The flight to France, despite it’s length was pretty easy going…apart from the over zealous pilot hitting the runway in Paris at top speed and waking up some of the plane’s passengers from their slumber with an early morning shock!

The second leg was plain sailing. I managed to sleep for about 3 hours in total and figured I might as well force one last baguette down before arriving in Chad, and the feeling that I might be less confident with the fare they might have on offer.

The airport was an interesting experience, showing our Yellow Fever certificate to a “Guy” in a doctor’s jacket, who meticulously scanned the document, despite the fact he clearly did not speak or “read” English. Once past this stage, we showed our document “again” to a soldier positioned approximately 3 feet from the first guy…I think he could save himself a lot of additional work by trusting the Doc!

Collecting bags was something that I could only liken to a back street, underground auction. A bag would appear, someone would grab it, another guy would take it off him and then a scrum of activity would ultimately and hopefully result in another guy ticking his piece of paper and waiving you through. It seems like everyone so far in N’Djemena has a very important job in this airport…follow the process or do not pass Go.

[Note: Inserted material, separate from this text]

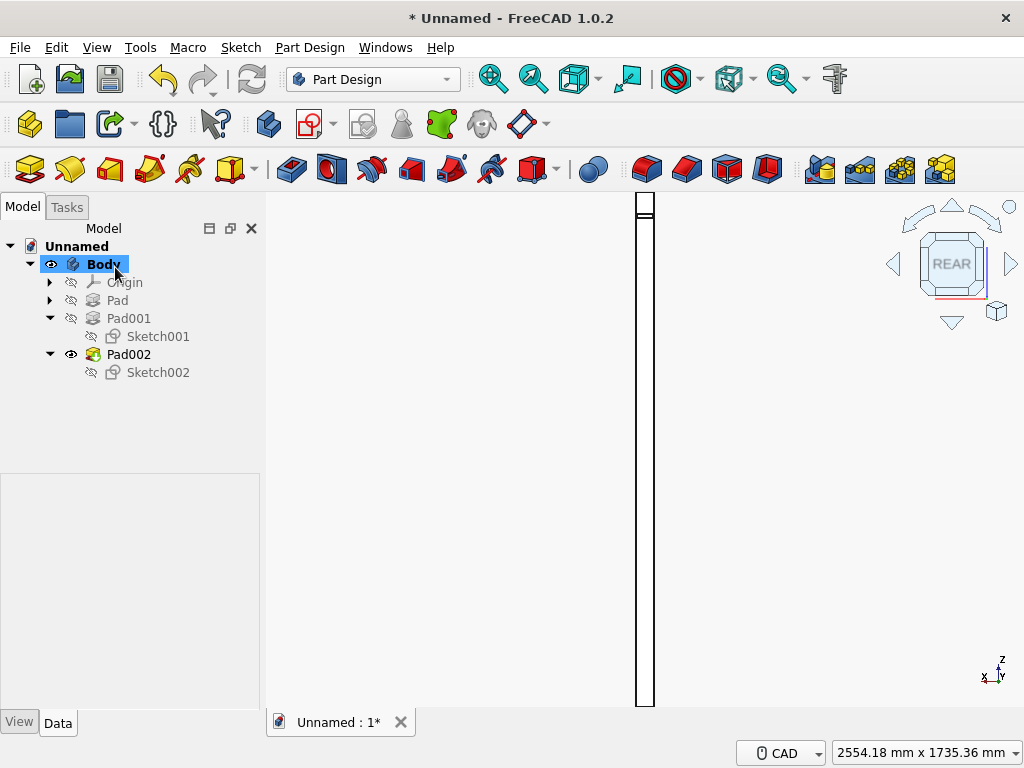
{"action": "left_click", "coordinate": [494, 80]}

Unfortunately one of our bags failed to check in with us. Hopefully its segregation from the rest of the luggage is only temporary. I have a sneaky feeling it might be a little lighter when it finally arrives. I get the feeling the same will go for me on my return to LA.

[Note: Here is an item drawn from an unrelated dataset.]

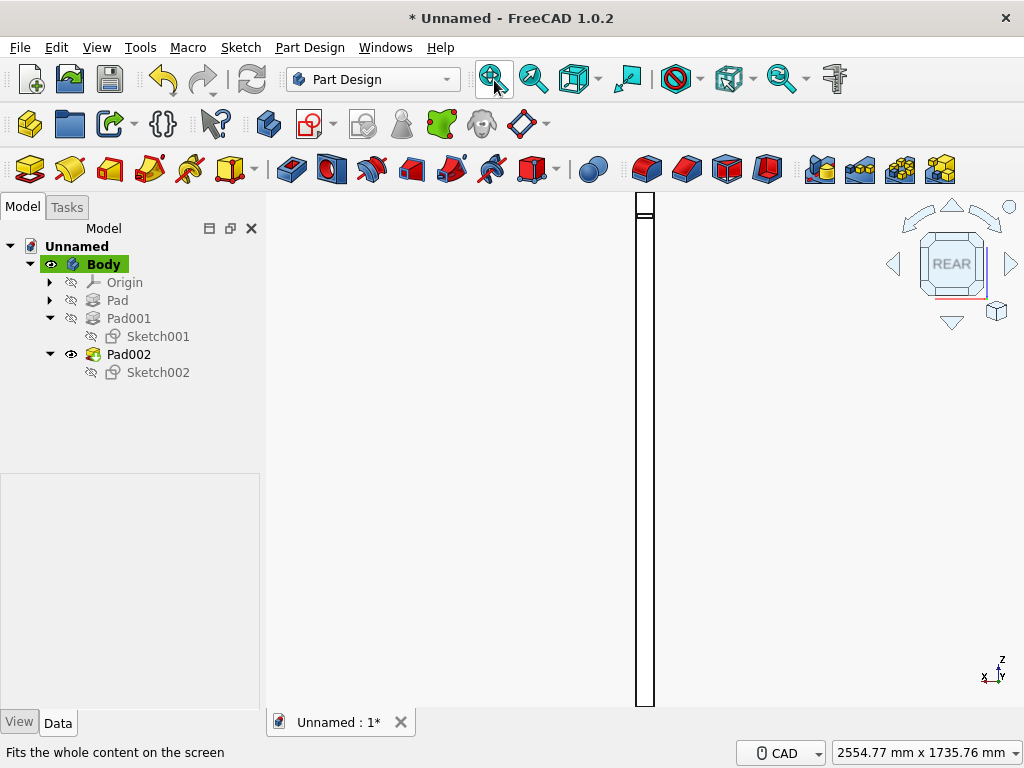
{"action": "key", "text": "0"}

The bags that did make it safely were then passed through an X-Ray Machine close to the exit of the airport, that I would guess would have a hard time seeing through an empty glass. Those working the machine then proceeded to take a look through the various duffle bags that we have travelled with. I did get a kick out of one of the guys taking out a pair of my soccer cleats and measuring them against his foot……My Chadian isn’t really up to scratch so I willed him subconsciously to put them back………Thankfully we clearly weren’t the same size, the cleats were tossed back in the bag!

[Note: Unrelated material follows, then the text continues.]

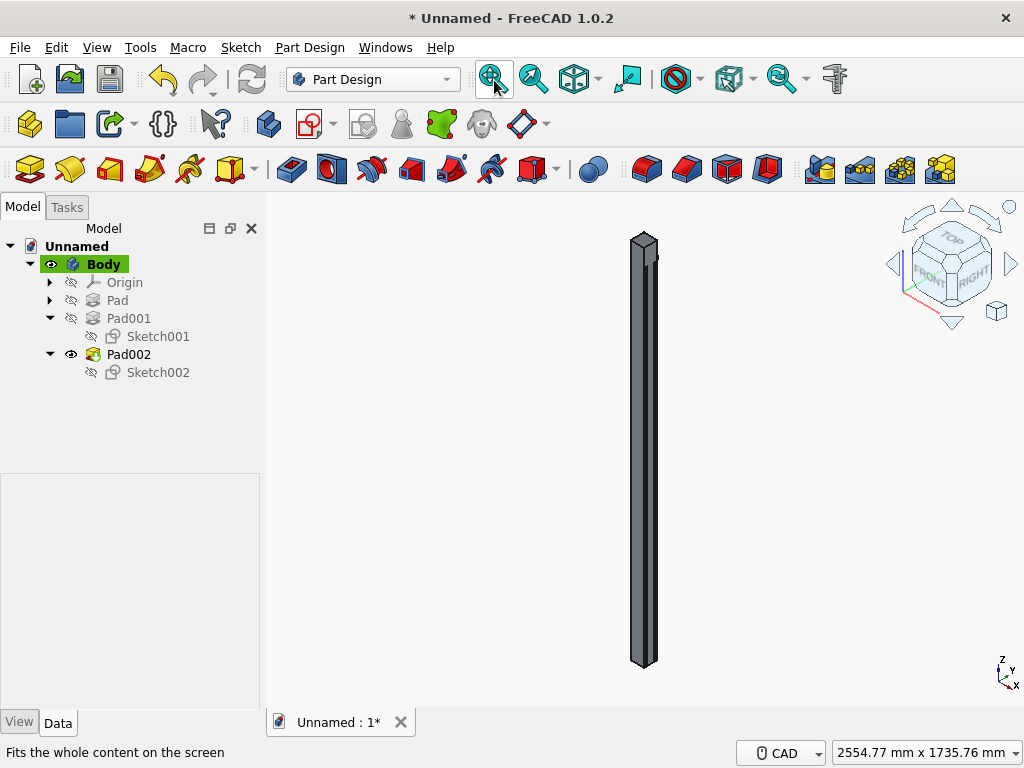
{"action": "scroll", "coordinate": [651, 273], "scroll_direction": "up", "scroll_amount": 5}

After a great nights sleep (I have young child at home!) we headed to the UN compound in N’Djemena. Gabe’s stories of soldiers shooting at any car who dares to stop or breaks down in front of the palace made the ride a little more exciting….I saw one guy on a motorbike who was clearly having engine trouble using his feet to keep the bike moving past the gates….he must have heard the shooting story too!….I swear I saw one of the soldiers nudging his buddy as the bike spluttered, in a gesture of “get ready…we’ve got one!”

The route to the UNHCR headquarters seemed vaguely familiar to me based upon my memories of a visit to Curacao a few years ago as people industrially went about their day…..Later in the afternoon we would head into the market place and I finally realized how far away from home we were. For me it was the moment that the magnitude of this trip really hit home. Things are very different here, the pace, the activities, the people, the opportunities…….Our car passed through the market place on a track that Donkey’s would struggle with and we were practically consumed by the locals in a swarm of bodies….I’ve no idea how we didn’t knock anyone down…I also half expected James Bond to coming running past me in the other direction being pursued by a bad guy on a motor bike.

My second realization of the day was that getting things done in a hurry, was only our priority. Gabriel has performed minor miracles in ensuring that everything that we require for this trip is already in place. For the most part it has made our trip to date relatively seamless, but I have this underlying feeling that that’s not always going to be the case and we need to be prepared for that. After a day of sitting, waiting for meetings, more sitting and on occasion fulfilling those meetings, we finish the day with permission to fly east and a seat booked on the UN flight at 5.45am tomorrow morning. The excitement in the camp is rising as we get ready for the first stages of Darfur United.

Our UN liaison Idriss notified us, that the first of the players will arrive tomorrow from the most northern of the refugee camps. For most of the players it will be the first flight of their life……I wonder what must be going through their heads as they take the first steps on their own adventure…..No country to call home, no house to call their own and getting on a flight to try out for a soccer team to play in the Viva World Cup coached by a coach they can’t understand……..Sounds to me like a recipe for magic!